Source data:
☆ ☆ ☆ ☆ ☆

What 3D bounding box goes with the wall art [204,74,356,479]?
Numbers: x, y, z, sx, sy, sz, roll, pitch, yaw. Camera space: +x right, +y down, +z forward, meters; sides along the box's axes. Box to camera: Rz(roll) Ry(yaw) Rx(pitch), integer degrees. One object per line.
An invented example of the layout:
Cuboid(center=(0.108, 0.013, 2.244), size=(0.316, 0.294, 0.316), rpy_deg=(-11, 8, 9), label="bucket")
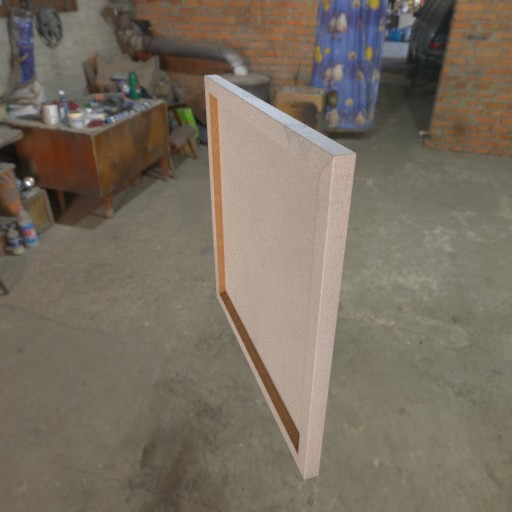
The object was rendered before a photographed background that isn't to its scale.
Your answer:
Cuboid(center=(0.000, 0.000, 1.135), size=(0.038, 0.762, 0.762), rpy_deg=(-10, 32, -17), label="wall art")

☆ ☆ ☆ ☆ ☆

PROBLEM REQUIREMENTS:
Nothing but an exact copy of the lines from the start of the entries through the line containing "Numbers: x, y, z, sx, sy, sz, roll, pitch, yaw." belongs in the response.

ANSWER BOX:
What 3D bounding box goes with the wall art [204,74,356,479]?
Numbers: x, y, z, sx, sy, sz, roll, pitch, yaw. Camera space: +x right, +y down, +z forward, meters; sides along the box's axes. Box to camera: Rz(roll) Ry(yaw) Rx(pitch), integer degrees. One object per line.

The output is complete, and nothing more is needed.